Set out exactly, line by line, the stretch of data below that begins at the line containing "4. gain of V(6) at 100 Hz (nearest 5 dB)" and ends at the line containing "Results to expect from the", with both ends kept.

[Input data]

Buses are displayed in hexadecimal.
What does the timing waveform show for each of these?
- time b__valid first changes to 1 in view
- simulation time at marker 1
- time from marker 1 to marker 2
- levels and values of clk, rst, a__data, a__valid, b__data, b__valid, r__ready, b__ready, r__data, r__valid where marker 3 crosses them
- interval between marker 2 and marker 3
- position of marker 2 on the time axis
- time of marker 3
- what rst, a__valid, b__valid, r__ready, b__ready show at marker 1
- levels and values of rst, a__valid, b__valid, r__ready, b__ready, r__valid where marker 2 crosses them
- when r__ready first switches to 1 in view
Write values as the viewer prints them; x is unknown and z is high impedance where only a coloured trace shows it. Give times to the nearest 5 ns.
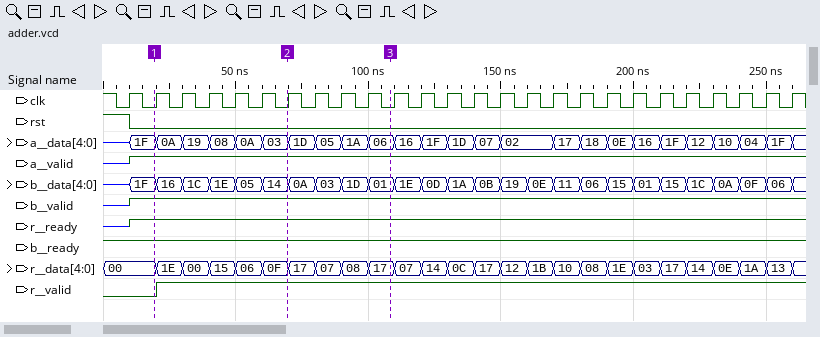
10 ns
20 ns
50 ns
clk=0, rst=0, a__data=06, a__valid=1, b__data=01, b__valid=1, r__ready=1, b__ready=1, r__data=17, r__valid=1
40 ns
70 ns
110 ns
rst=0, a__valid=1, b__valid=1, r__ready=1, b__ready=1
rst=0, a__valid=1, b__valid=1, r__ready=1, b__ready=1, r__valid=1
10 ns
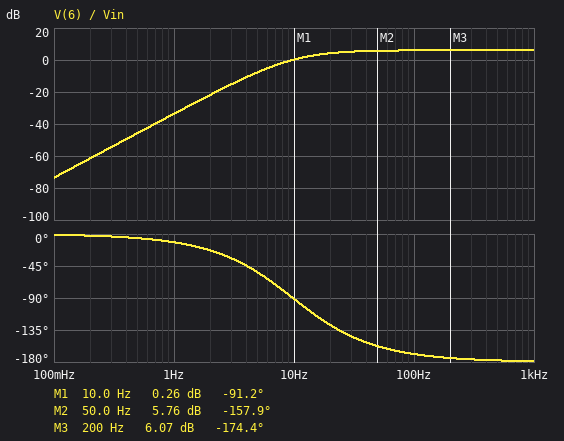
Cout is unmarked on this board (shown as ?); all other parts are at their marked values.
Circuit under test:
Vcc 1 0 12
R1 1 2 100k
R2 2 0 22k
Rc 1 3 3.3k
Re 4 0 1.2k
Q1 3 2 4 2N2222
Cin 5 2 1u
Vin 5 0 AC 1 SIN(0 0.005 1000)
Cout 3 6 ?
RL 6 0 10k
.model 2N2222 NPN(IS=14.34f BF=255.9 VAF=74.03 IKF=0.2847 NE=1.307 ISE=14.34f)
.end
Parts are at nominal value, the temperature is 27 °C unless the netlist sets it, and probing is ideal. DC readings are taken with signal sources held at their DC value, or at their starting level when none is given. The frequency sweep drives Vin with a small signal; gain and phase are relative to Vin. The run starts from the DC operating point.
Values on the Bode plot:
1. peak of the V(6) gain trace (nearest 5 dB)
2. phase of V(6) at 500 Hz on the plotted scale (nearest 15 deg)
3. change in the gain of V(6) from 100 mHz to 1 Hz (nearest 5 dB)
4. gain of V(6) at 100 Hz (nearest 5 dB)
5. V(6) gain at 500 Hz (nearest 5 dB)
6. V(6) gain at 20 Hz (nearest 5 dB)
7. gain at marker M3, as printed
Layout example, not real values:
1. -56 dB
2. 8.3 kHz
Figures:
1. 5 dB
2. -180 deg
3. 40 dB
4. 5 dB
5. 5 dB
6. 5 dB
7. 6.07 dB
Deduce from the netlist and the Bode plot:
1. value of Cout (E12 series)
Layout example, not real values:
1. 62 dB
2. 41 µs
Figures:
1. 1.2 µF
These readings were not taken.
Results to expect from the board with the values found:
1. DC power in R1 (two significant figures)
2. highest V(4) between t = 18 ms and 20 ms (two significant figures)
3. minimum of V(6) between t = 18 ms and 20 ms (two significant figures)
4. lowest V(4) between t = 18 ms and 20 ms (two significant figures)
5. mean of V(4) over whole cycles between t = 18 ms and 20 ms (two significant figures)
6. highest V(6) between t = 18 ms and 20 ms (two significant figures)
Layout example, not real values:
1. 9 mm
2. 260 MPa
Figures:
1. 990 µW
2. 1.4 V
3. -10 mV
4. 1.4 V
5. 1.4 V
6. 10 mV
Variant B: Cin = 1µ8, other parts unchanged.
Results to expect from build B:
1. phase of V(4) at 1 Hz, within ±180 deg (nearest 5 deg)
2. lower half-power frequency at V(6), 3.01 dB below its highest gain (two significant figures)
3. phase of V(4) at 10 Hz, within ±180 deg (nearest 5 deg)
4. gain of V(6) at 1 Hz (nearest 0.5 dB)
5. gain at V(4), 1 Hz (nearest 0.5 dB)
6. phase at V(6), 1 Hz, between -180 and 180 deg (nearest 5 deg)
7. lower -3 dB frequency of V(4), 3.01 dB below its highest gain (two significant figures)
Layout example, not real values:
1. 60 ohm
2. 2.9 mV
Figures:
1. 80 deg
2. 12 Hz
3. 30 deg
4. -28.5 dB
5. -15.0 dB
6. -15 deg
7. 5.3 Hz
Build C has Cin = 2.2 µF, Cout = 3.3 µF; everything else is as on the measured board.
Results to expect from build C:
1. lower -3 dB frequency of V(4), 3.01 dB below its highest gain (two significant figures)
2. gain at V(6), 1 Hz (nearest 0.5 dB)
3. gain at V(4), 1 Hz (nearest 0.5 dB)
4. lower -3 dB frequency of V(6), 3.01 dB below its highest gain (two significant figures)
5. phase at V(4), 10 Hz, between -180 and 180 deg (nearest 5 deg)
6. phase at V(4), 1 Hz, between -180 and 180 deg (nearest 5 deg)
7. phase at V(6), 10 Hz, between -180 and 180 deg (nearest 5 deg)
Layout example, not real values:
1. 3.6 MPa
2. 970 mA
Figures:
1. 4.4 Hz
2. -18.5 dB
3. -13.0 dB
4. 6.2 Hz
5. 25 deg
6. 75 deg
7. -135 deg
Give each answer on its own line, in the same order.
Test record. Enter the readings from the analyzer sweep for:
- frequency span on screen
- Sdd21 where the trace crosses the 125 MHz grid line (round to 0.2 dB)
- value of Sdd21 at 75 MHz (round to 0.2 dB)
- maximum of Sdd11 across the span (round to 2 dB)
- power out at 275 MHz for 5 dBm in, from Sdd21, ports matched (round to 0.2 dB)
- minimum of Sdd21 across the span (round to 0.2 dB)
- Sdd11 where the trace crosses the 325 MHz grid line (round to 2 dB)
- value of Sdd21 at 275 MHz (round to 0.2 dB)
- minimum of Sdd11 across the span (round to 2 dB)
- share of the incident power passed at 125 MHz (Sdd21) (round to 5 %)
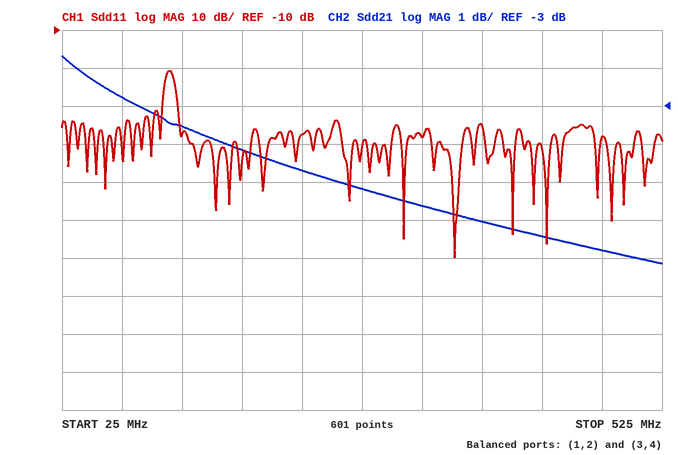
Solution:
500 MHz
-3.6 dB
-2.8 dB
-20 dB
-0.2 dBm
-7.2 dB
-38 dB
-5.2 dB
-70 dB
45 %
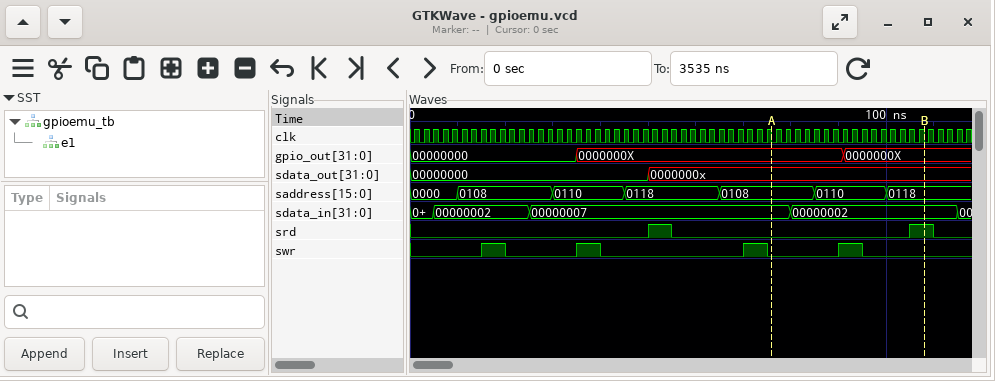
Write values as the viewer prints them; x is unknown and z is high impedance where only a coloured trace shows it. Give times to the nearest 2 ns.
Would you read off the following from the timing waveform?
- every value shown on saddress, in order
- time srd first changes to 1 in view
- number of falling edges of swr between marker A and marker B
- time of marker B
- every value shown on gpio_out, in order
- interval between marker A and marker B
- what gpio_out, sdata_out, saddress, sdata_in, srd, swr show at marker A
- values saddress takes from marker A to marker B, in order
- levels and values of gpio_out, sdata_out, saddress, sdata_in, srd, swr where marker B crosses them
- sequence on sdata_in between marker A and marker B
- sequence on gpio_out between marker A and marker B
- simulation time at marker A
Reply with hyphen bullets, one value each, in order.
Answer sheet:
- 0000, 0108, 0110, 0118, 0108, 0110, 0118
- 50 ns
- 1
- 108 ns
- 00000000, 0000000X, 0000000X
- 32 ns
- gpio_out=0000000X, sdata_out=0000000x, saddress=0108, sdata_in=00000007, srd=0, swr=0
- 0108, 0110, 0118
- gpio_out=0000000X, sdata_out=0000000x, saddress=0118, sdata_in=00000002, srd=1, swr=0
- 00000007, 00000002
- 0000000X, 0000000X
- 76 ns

[/Input data]

● Task solution
4. gain of V(6) at 100 Hz (nearest 5 dB)
5. V(6) gain at 500 Hz (nearest 5 dB)
6. V(6) gain at 20 Hz (nearest 5 dB)
7. gain at marker M3, as printed
Layout example, not real values:
1. -56 dB
2. 8.3 kHz
Figures:
1. 5 dB
2. -180 deg
3. 40 dB
4. 5 dB
5. 5 dB
6. 5 dB
7. 6.07 dB
Deduce from the netlist and the Bode plot:
1. value of Cout (E12 series)
Layout example, not real values:
1. 62 dB
2. 41 µs
Figures:
1. 1.2 µF
These readings were not taken.
Results to expect from the board with the values found:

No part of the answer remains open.